On confond aujourd’hui trop souvent santé et soin. C’est bien de soigner les gens quand ils sont malades, mais il est important aussi de faire en sorte qu’ils ne soient pas malades. La santé environnementale est la réponse à ce besoin d’agir sur les causes environnementales des maladies.
60% des aliments testés pour foodwatch France sont contaminés par des hydrocarbures aromatiques d’huiles minérales ou MOAH, la catégorie d’huiles minérales la plus dangereuse. Or en Allemagne, seuls 21% des produits testés sont contaminés par les MOAH. Avez-vous été surpris par ces résultats ? Que faut-il en déduire par rapport à la France ?
Oui. Cela montre clairement que l’on a commencé à se préoccuper du problème en Allemagne, alors qu’en France la question n’a même pas été posée. C’est pour cela que c’était important de faire cette analyse comparative. C’est la preuve qu’il y a des solutions.

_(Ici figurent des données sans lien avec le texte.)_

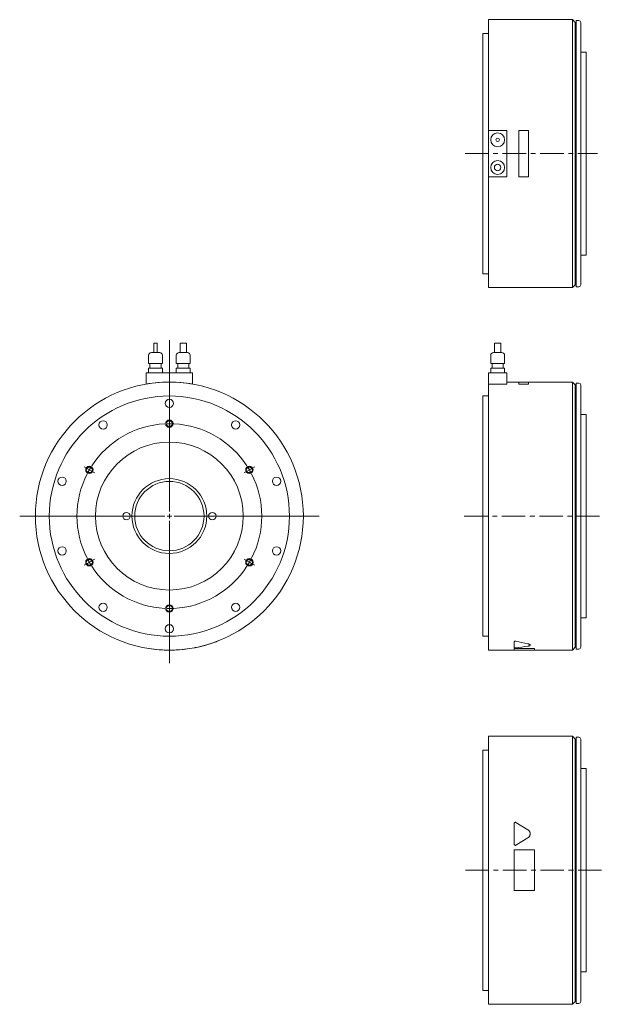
# Model space of a CAD drawing. Header units: millimetres. Extents: x 126 to 1492, y 65 to 1139.
# Tile 1 of 2: x 126 to 759, y 65 to 1130. Entities that reach past the tile are written whole.
import ezdxf

# ---------------------------------------------------------------- set-up
doc = ezdxf.new("R2010")
doc.units = ezdxf.units.MM
doc.header["$LTSCALE"] = 2
doc.linetypes.add('CENTERX2', pattern=[20.32, 12.7, -2.54, 2.54, -2.54])

# ---------------------------------------------------------------- blocks, each defined once
blk = doc.blocks.new('SW_CENTERMARKSYMBOL_1')
at = {"color": 6, "linetype": 'Continuous', "lineweight": 0}
for p, q in [((0, 5), (0, 190.2)), ((0, 105), (0, 106.5)), ((0, 100), (0, 102.5)), ((0, 100), (0, 97.5)), ((0, 95), (0, 93.5)), ((-90.9, 52.5), (-92.2, 53.2)), ((-86.6, 50), (-88.8, 51.2)), ((-86.6, 50), (-84.4, 48.8)), ((-82.3, 47.5), (-81, 46.7)), ((82.3, 47.5), (81, 46.7)), ((86.6, 50), (84.4, 48.8)), ((86.6, 50), (88.8, 51.2)), ((90.9, 52.5), (92.2, 53.2)), ((-5, 0), (-162, 0)), ((0, 0), (-2.5, 0)), ((0, 0), (0, 2.5)), ((0, 0), (0, -2.5)), ((0, 0), (2.5, 0)), ((5, 0), (162.2, 0)), ((0, -5), (0, -159.3)), ((-90.9, -52.5), (-92.2, -53.2)), ((-86.6, -50), (-88.8, -51.2)), ((-86.6, -50), (-84.4, -48.8)), ((-82.3, -47.5), (-81, -46.7)), ((82.3, -47.5), (81, -46.7)), ((86.6, -50), (84.4, -48.8)), ((86.6, -50), (88.8, -51.2)), ((90.9, -52.5), (92.2, -53.2)), ((0, -95), (0, -93.5)), ((0, -100), (0, -97.5)), ((0, -100), (0, -102.5)), ((0, -105), (0, -106.5))]:
    blk.add_line(p, q, dxfattribs=at)
for start, end in [(92.8648, 147.1352), (90, 91.4324), (88.5676, 90), (32.8648, 87.1352), (152.8648, 207.1352), (150, 151.4324), (148.5676, 150), (30, 31.4324), (28.5676, 30), (332.8648, 27.1352), (208.5676, 210), (210, 211.4324), (328.5676, 330), (330, 331.4324), (212.8648, 267.1352), (272.8648, 327.1352), (268.5676, 270), (270, 271.4324)]:
    blk.add_arc((0, 0), 100, start, end, dxfattribs=at)

msp = doc.modelspace()

# ---------------------------------------------------------------- linework, layer by layer
at = {"color": 7, "linetype": 'Continuous', "lineweight": 15}
for p, q in [((724.6, 1130.4), (633.6, 1130.4)), ((633.6, 1010.4), (633.6, 1130.4)), ((727.6, 1127.4), (724.6, 1130.4)), ((724.6, 840.4), (724.6, 1130.4)), ((728.6, 1127.4), (727.6, 1127.4)), ((727.6, 843.4), (727.6, 1127.4)), ((731.6, 1129.4), (728.6, 1129.4)), ((728.6, 841.4), (728.6, 1129.4)), ((733.6, 1127.4), (733.6, 843.4)), ((633.6, 1115.4), (627.6, 1115.4)), ((627.6, 855.4), (627.6, 1115.4)), ((739.6, 1095.4), (733.6, 1095.4)), ((739.6, 875.4), (739.6, 1095.4)), ((633.6, 1010.4), (633.6, 960.4)), ((653.6, 1010.4), (633.6, 1010.4)), ((653.6, 960.4), (653.6, 1010.4)), ((666.6, 1010.4), (666.6, 960.3)), ((677.1, 1010.4), (666.6, 1010.4)), ((677.1, 960.3), (677.1, 1010.4)), ((633.6, 960.4), (653.6, 960.4)), ((633.6, 840.4), (633.6, 960.4)), ((666.6, 960.3), (677.1, 960.3)), ((733.6, 875.4), (739.6, 875.4)), ((627.6, 855.4), (633.6, 855.4)), ((724.6, 840.4), (727.6, 843.4)), ((727.6, 843.4), (728.6, 843.4)), ((633.6, 840.4), (724.6, 840.4)), ((728.6, 841.4), (731.6, 841.4)), ((271.3, 780.2), (271.3, 770.2)), ((271.3, 780.2), (275.2, 780.2)), ((275.2, 770.2), (275.2, 780.2)), ((299.8, 780.2), (299.8, 770.2)), ((299.8, 780.2), (306.8, 780.2)), ((306.8, 770.2), (306.8, 780.2)), ((640.1, 780.2), (640.1, 770.2)), ((640.1, 780.2), (647.1, 780.2)), ((647.1, 770.2), (647.1, 780.2)), ((265.8, 767.2), (265.8, 758.2)), ((268.8, 770.2), (277.8, 770.2)), ((280.8, 758.2), (280.8, 767.2)), ((295.8, 767.2), (295.8, 758.2)), ((298.8, 770.2), (307.8, 770.2)), ((310.8, 758.2), (310.8, 767.2)), ((636.1, 767.2), (636.1, 758.2)), ((639.1, 770.2), (648.1, 770.2)), ((651.1, 758.2), (651.1, 767.2)), ((265.8, 758.2), (280.8, 758.2)), ((267.3, 758.2), (267.3, 753.2)), ((279.3, 753.2), (279.3, 758.2)), ((295.8, 758.2), (310.8, 758.2)), ((297.3, 758.2), (297.3, 753.2)), ((309.3, 753.2), (309.3, 758.2)), ((636.1, 758.2), (651.1, 758.2)), ((637.6, 758.2), (637.6, 753.2)), ((649.6, 753.2), (649.6, 758.2)), ((263.3, 748.2), (263.3, 736.1)), ((263.3, 748.2), (313.3, 748.2)), ((265.8, 753.2), (265.8, 748.2)), ((265.8, 753.2), (280.8, 753.2)), ((280.8, 748.2), (280.8, 753.2)), ((295.8, 753.2), (295.8, 748.2)), ((295.8, 753.2), (310.8, 753.2)), ((310.8, 748.2), (310.8, 753.2)), ((313.3, 748.2), (313.3, 736.1)), ((633.6, 748.2), (653.6, 748.2)), ((633.6, 748.2), (633.6, 736.1)), ((636.1, 753.2), (636.1, 748.2)), ((636.1, 753.2), (651.1, 753.2)), ((651.1, 748.2), (651.1, 753.2)), ((653.6, 748.2), (653.6, 736)), ((263.3, 736), (263.2, 736.1)), ((263.3, 736.1), (263.3, 736)), ((313.3, 736), (313.3, 736.1)), ((313.3, 736), (313.3, 736.1)), ((633.6, 593.2), (633.6, 736.1)), ((634.6, 736.1), (633.6, 736.1)), ((634.6, 736), (634.6, 736.1)), ((653.6, 736), (634.6, 736)), ((666.6, 738.2), (653.6, 738.2)), ((677.1, 738.3), (666.6, 738.3)), ((666.6, 738.3), (666.6, 736.1)), ((666.6, 736.1), (677.1, 736.1)), ((666.6, 736), (666.6, 736.1)), ((666.6, 736), (677.1, 736)), ((677.1, 736.1), (677.1, 738.3)), ((724.6, 738.2), (677.1, 738.2)), ((677.1, 736), (677.1, 736.1)), ((727.6, 735.2), (724.6, 738.2)), ((724.6, 593.2), (724.6, 738.2)), ((728.6, 735.2), (727.6, 735.2)), ((727.6, 593.2), (727.6, 735.2)), ((731.6, 737.2), (728.6, 737.2)), ((728.6, 593.2), (728.6, 737.2)), ((733.6, 735.2), (733.6, 451.2)), ((633.6, 723.2), (627.6, 723.2)), ((627.6, 593.2), (627.6, 723.2)), ((739.6, 703.2), (733.6, 703.2)), ((739.6, 593.2), (739.6, 703.2)), ((627.6, 463.2), (627.6, 593.2)), ((633.6, 448.2), (633.6, 593.2)), ((724.6, 448.2), (724.6, 593.2)), ((727.6, 451.2), (727.6, 593.2)), ((728.6, 449.2), (728.6, 593.2)), ((739.6, 483.2), (739.6, 593.2)), ((733.6, 483.2), (739.6, 483.2)), ((627.6, 463.2), (633.6, 463.2)), ((266.3, 449.9), (266.3, 449.8)), ((310.3, 449.9), (310.3, 449.8)), ((633.6, 448.2), (661.6, 448.2)), ((661.6, 457.4), (661.6, 457.3)), ((661.6, 450.9), (661.6, 457.3)), ((661.6, 449.9), (683.6, 449.9)), ((661.6, 449.9), (661.6, 449.8)), ((661.6, 449.8), (683.6, 449.8)), ((661.6, 448.1), (661.6, 449.8)), ((661.6, 448.1), (683.6, 448.1)), ((683.6, 449.9), (683.6, 449.8)), ((683.6, 449.8), (683.6, 448.1)), ((683.6, 448.2), (724.6, 448.2)), ((724.6, 448.2), (727.6, 451.2)), ((727.6, 451.2), (728.6, 451.2)), ((728.6, 449.2), (731.6, 449.2)), ((724.6, 354.9), (633.6, 354.9)), ((633.6, 64.9), (633.6, 354.9)), ((727.6, 351.9), (724.6, 354.9)), ((724.6, 64.9), (724.6, 354.9)), ((728.6, 351.9), (727.6, 351.9)), ((727.6, 67.9), (727.6, 351.9)), ((731.6, 353.9), (728.6, 353.9)), ((728.6, 65.9), (728.6, 353.9)), ((733.6, 351.9), (733.6, 67.9)), ((633.6, 339.9), (627.6, 339.9)), ((627.6, 79.9), (627.6, 339.9)), ((739.6, 319.9), (733.6, 319.9)), ((739.6, 99.9), (739.6, 319.9)), ((661.6, 238.1), (661.6, 260.7)), ((663.4, 261.7), (676.4, 253.8)), ((676.4, 245.1), (663.4, 237.1)), ((661.6, 238.1), (661.6, 238.1)), ((676.4, 245), (663.4, 237.1)), ((661.6, 231.9), (683.6, 231.9)), ((661.6, 187.9), (661.6, 231.9)), ((683.6, 231.9), (683.6, 187.9)), ((683.6, 187.9), (661.6, 187.9)), ((733.6, 99.9), (739.6, 99.9)), ((627.6, 79.9), (633.6, 79.9)), ((633.6, 64.9), (724.6, 64.9)), ((724.6, 64.9), (727.6, 67.9)), ((727.6, 67.9), (728.6, 67.9)), ((728.6, 65.9), (731.6, 65.9))]:
    msp.add_line(p, q, dxfattribs=at)
at = {"color": 6, "linetype": 'CENTERX2', "lineweight": 0}
for p, q in [((608.4, 985.4), (751.7, 985.4)), ((607.5, 593.2), (753.7, 593.2)), ((608.7, 209.9), (759.1, 209.9))]:
    msp.add_line(p, q, dxfattribs=at)
at = {"color": 7, "linetype": 'Continuous', "lineweight": 15}
for centre, radius in [((643.6, 1000.4), 7.5), ((643.6, 1000.4), 1.92), ((643.6, 970.4), 7.5), ((643.6, 970.4), 3.5), ((288.3, 593.2), 145), ((288.3, 593.2), 130), ((288.3, 715.2), 4.5), ((216.6, 691.9), 4.5), ((360, 691.9), 4.5), ((288.3, 593.2), 80), ((172.2, 630.9), 4.5), ((288.3, 593.2), 40.5), ((288.3, 593.2), 37.5), ((404.3, 630.9), 4.5), ((241.8, 593.2), 4), ((334.8, 593.2), 4), ((172.2, 555.5), 4.5), ((404.3, 555.5), 4.5), ((216.6, 494.5), 4.5), ((360, 494.5), 4.5), ((288.3, 471.2), 4.5)]:
    msp.add_circle(centre, radius, dxfattribs=at)
at = {"color": 6, "linetype": 'Continuous', "lineweight": 15}
for centre in [(288.3, 693.2), (201.7, 643.2), (374.9, 643.2), (201.7, 543.2), (374.9, 543.2), (288.3, 493.2)]:
    msp.add_circle(centre, 4, dxfattribs=at)
for centre in [(288.3, 693.2), (201.7, 643.2), (374.9, 643.2), (201.7, 543.2), (374.9, 543.2), (288.3, 493.2)]:
    msp.add_circle(centre, 3.33)
at = {"color": 7, "linetype": 'Continuous', "lineweight": 15}
for centre, radius, start, end in [((731.6, 1127.4), 2, 0, 90), ((731.6, 843.4), 2, 270, 0), ((268.8, 767.2), 3, 90, 180), ((277.8, 767.2), 3, 0, 90), ((298.8, 767.2), 3, 90, 180), ((307.8, 767.2), 3, 0, 90), ((639.1, 767.2), 3, 90, 180), ((648.1, 767.2), 3, 0, 90), ((288.3, 593.2), 145.1, 80.0787, 99.9213), ((731.6, 735.2), 2, 0, 90), ((288.3, 593.2), 145.1, 261.2731, 278.7269), ((288.3, 593.2), 145.1, 281.2145, 290.5084), ((731.6, 451.2), 2, 270, 0), ((731.6, 351.9), 2, 0, 90), ((731.6, 67.9), 2, 270, 0)]:
    msp.add_arc(centre, radius, start, end, dxfattribs=at)
for centre, ratio, start_param, end_param in [((747.5, 593.2), 0.616389, 4.346917, 4.405226), ((747.5, 593.2), 0.616814, 4.346917, 4.405226), ((619.3, 593.2), 0.616814, 4.900942, 4.957302)]:
    msp.add_ellipse(centre, major_axis=(235.2, 0), ratio=ratio, start_param=start_param, end_param=end_param, dxfattribs=at)
for points, knots in [([(315.3, 450.6), (315.3, 450.6), (315.3, 450.6), (315.4, 450.7), (315.6, 450.7), (315.9, 450.8), (316.2, 450.8), (316.4, 450.9), (316.5, 450.9)], [0, 0, 0, 0, 0.081454, 0.265081, 0.448478, 0.63185, 0.815577, 1, 1, 1, 1]), ([(339.1, 457.3), (339.2, 457.3), (339.4, 457.4), (339.7, 457.5), (340, 457.6), (340.1, 457.7), (340.3, 457.7), (340.3, 457.7), (340.3, 457.7)], [0, 0, 0, 0, 0.182129, 0.364678, 0.546996, 0.728625, 0.910746, 1, 1, 1, 1]), ([(663.4, 457.8), (663.4, 457.8), (663.3, 457.8), (663.2, 457.8), (663.1, 457.8), (663, 457.8), (662.8, 457.8), (662.5, 457.8), (662.2, 457.8), (661.9, 457.7), (661.8, 457.6), (661.7, 457.6), (661.6, 457.5), (661.6, 457.4), (661.6, 457.4), (661.6, 457.4)], [0, 0, 0, 0, 0.042071, 0.083832, 0.125656, 0.18837, 0.250873, 0.375829, 0.500591, 0.624994, 0.749847, 0.812275, 0.875078, 0.937462, 1, 1, 1, 1]), ([(661.6, 457.3), (661.6, 457.3), (661.6, 457.4), (661.7, 457.4), (661.7, 457.4), (661.7, 457.5), (661.7, 457.5), (661.8, 457.5), (661.8, 457.6), (661.9, 457.6), (661.9, 457.6), (662, 457.6), (662, 457.6), (662.1, 457.7), (662.2, 457.7), (662.2, 457.7), (662.3, 457.7), (662.4, 457.7), (662.4, 457.7), (662.6, 457.7), (662.7, 457.8), (663, 457.8), (663.3, 457.7), (663.4, 457.7)], [0, 0, 0, 0, 0.125, 0.125, 0.1875, 0.1875, 0.25, 0.25, 0.3125, 0.3125, 0.375, 0.375, 0.4375, 0.4375, 0.5, 0.5, 0.5625, 0.5625, 0.625, 0.625, 0.75, 0.75, 1, 1, 1, 1]), ([(663.4, 450.7), (663.3, 450.7), (663.1, 450.6), (662.7, 450.6), (662.6, 450.6), (662.4, 450.7), (662.3, 450.7), (662, 450.7), (661.9, 450.7), (661.7, 450.8), (661.6, 450.8), (661.6, 450.9)], [0, 0, 0, 0, 0.25, 0.25, 0.375, 0.375, 0.5, 0.5, 0.75, 0.75, 1, 1, 1, 1]), ([(676.4, 455), (676.7, 454.9), (677.5, 454.7), (678.2, 454.4), (678.7, 454.1), (678.9, 453.8), (678.8, 453.7), (678.8, 453.7)], [0, 0, 0, 0, 0.248873, 0.498443, 0.748052, 0.996973, 1, 1, 1, 1]), ([(676.4, 454.9), (676.6, 454.9), (676.8, 454.8), (677, 454.8), (677.1, 454.7), (677.2, 454.7), (677.3, 454.7), (677.6, 454.6), (677.7, 454.5), (677.9, 454.5), (677.9, 454.4), (678.1, 454.4), (678.1, 454.3), (678.3, 454.3), (678.4, 454.2), (678.5, 454.1), (678.5, 454.1), (678.6, 454), (678.6, 454), (678.8, 453.8), (678.8, 453.7), (678.8, 453.5), (678.8, 453.5), (678.8, 453.4), (678.7, 453.4), (678.7, 453.3), (678.7, 453.3), (678.6, 453.2), (678.5, 453.1), (678.4, 453), (678.4, 453), (678.3, 453), (678.2, 452.9), (678.1, 452.9), (678, 452.8), (677.8, 452.7), (677.7, 452.7), (677.6, 452.7), (677.5, 452.7), (677.1, 452.6), (676.8, 452.5), (676.4, 452.4)], [0, 0, 0, 0, 0.0625, 0.0625, 0.09375, 0.09375, 0.125, 0.125, 0.1875, 0.1875, 0.21875, 0.21875, 0.25, 0.25, 0.3125, 0.3125, 0.34375, 0.34375, 0.375, 0.375, 0.5, 0.5, 0.5625, 0.5625, 0.59375, 0.59375, 0.625, 0.625, 0.6875, 0.6875, 0.71875, 0.71875, 0.75, 0.75, 0.8125, 0.8125, 0.84375, 0.84375, 0.875, 0.875, 1, 1, 1, 1]), ([(661.6, 260.7), (661.6, 260.8), (661.6, 260.9), (661.7, 261.1), (661.7, 261.1), (661.7, 261.2), (661.7, 261.3), (661.8, 261.4), (661.8, 261.4), (661.9, 261.5), (661.9, 261.5), (662, 261.6), (662, 261.6), (662.1, 261.7), (662.2, 261.7), (662.2, 261.8), (662.3, 261.8), (662.4, 261.8), (662.4, 261.9), (662.6, 261.9), (662.7, 261.9), (663, 261.9), (663.3, 261.9), (663.4, 261.7)], [0, 0, 0, 0, 0.125, 0.125, 0.1875, 0.1875, 0.25, 0.25, 0.3125, 0.3125, 0.375, 0.375, 0.4375, 0.4375, 0.5, 0.5, 0.5625, 0.5625, 0.625, 0.625, 0.75, 0.75, 1, 1, 1, 1]), ([(676.4, 253.8), (676.6, 253.6), (676.8, 253.5), (677, 253.3), (677.1, 253.2), (677.2, 253.1), (677.3, 253), (677.6, 252.8), (677.7, 252.6), (677.9, 252.4), (677.9, 252.3), (678.1, 252.1), (678.1, 252), (678.3, 251.7), (678.4, 251.5), (678.5, 251.2), (678.5, 251.1), (678.6, 250.9), (678.6, 250.8), (678.8, 250.3), (678.8, 249.9), (678.8, 249.2), (678.8, 249), (678.8, 248.7), (678.7, 248.6), (678.7, 248.4), (678.7, 248.3), (678.6, 247.9), (678.5, 247.7), (678.4, 247.4), (678.4, 247.3), (678.3, 247.1), (678.2, 247), (678.1, 246.8), (678, 246.6), (677.8, 246.3), (677.7, 246.2), (677.6, 246.1), (677.5, 246), (677.1, 245.6), (676.8, 245.3), (676.4, 245.1)], [0, 0, 0, 0, 0.0625, 0.0625, 0.09375, 0.09375, 0.125, 0.125, 0.1875, 0.1875, 0.21875, 0.21875, 0.25, 0.25, 0.3125, 0.3125, 0.34375, 0.34375, 0.375, 0.375, 0.5, 0.5, 0.5625, 0.5625, 0.59375, 0.59375, 0.625, 0.625, 0.6875, 0.6875, 0.71875, 0.71875, 0.75, 0.75, 0.8125, 0.8125, 0.84375, 0.84375, 0.875, 0.875, 1, 1, 1, 1]), ([(676.4, 245), (676.5, 245.1), (676.6, 245.2), (676.8, 245.3), (676.9, 245.4), (677.1, 245.6), (677.3, 245.7), (677.5, 246), (677.8, 246.4), (678.2, 246.9), (678.5, 247.5), (678.6, 248.1), (678.7, 248.5), (678.8, 249), (678.8, 249.3), (678.8, 249.4)], [0, 0, 0, 0, 0.041707, 0.083306, 0.124877, 0.166498, 0.20825, 0.25021, 0.374919, 0.500179, 0.625024, 0.750361, 0.833529, 0.916558, 1, 1, 1, 1]), ([(661.6, 238.1), (661.6, 238), (661.6, 238), (661.6, 237.9), (661.7, 237.8), (661.7, 237.6), (661.8, 237.4), (662, 237.2), (662.2, 237), (662.5, 236.9), (662.8, 236.9), (663, 236.9), (663.2, 236.9), (663.3, 237), (663.4, 237), (663.4, 237.1)], [0, 0, 0, 0, 0.041939, 0.0837, 0.125597, 0.188248, 0.250796, 0.375531, 0.500141, 0.625013, 0.749934, 0.812364, 0.875049, 0.937452, 1, 1, 1, 1]), ([(663.4, 237.1), (663.3, 237), (663.1, 236.9), (662.7, 236.9), (662.6, 236.9), (662.4, 237), (662.3, 237), (662, 237.2), (661.9, 237.3), (661.7, 237.7), (661.6, 237.9), (661.6, 238.1)], [0, 0, 0, 0, 0.25, 0.25, 0.375, 0.375, 0.5, 0.5, 0.75, 0.75, 1, 1, 1, 1])]:
    msp.add_open_spline(points, degree=3, knots=knots, dxfattribs=at)

# ---------------------------------------------------------------- block references
at = {"color": 7, "linetype": 'Continuous', "lineweight": 0}
msp.add_blockref('SW_CENTERMARKSYMBOL_1', (288.3, 593.2), dxfattribs=at)

doc.saveas('drawing.dxf')

Au lendemain de la publication des résultats des tests réalisés en laboratoire pour foodwatch, Marisol Touraine a déclaré qu’elle n’allait « pas permettre ce qui représente un danger pour nos concitoyens » mais qu’il ne fallait pas céder à la psychose. Parmi les produits qui contiennent des MOAH, il y a des aliments consommés par les enfants ou du bio. Pensez-vous qu’on peut compter sur nos autorités pour prendre toute la mesure du problème ?
Il ne s’agit pas de psychose. Si on observe la présence de substances cancérogènes, mutagènes, toxiques pour la reproduction (CMR) et qui perturbent le système endocrinien (PE), c’est-à-dire de substances induisant des effets sanitaires majeurs, il faut les éliminer de notre alimentation. C’est ne rien faire qui induirait une psychose quand le scandale éclaterait, si les autorités sanitaires ne jouent pas le rôle qui est de protéger la santé des populations.
Les fabricants et distributeurs sollicités par foodwatch sont, pour certains, favorables à une réglementation. Nous savons que des solutions très simples existent, des matériaux qui constituent des barrières efficaces pour empêcher cette contamination. Il faudrait les rendre obligatoires. Pour l’équivalent allemand de l’ANSES, l’Institut fédéral pour l’évaluation des risques (BfR), « Aucune migration démontrable de MOAH dans les aliments ne devrait se produire ». Le principe de précaution permet de protéger les citoyens de tout risque et donc de légiférer au niveau national. Pensez-vous que la France peut et doit se montrer pionnière pour régler le problème de la contamination des aliments par les huiles minérales ? Qu’attendons-nous ?
La France est le premier pays européen à avoir interdit le bisphénol A dans les biberons. Cette décision a été élargie ensuite à l’ensemble de l’Union Européenne. Elle est aussi le seul pays à s’être dotée d’une Stratégie Nationale Perturbateurs Endocriniens. Elle doit continuer dans cette voie en traitant ce problème de contamination par les MOAH. Par-delà les MOAH, qui représentent une contamination involontaire, il est important que l’ensemble des pays européens se préoccupent de la contamination volontaire. Une étude récente a montré que 175 substances dangereuses, dont 119 perturbateurs endocriniens, sont autorisées dans les additifs alimentaires et les matériaux à usage alimentaire. On n’est pas dans la précaution, on est dans la simple prévention. Le risque est connu et il faut l’éliminer.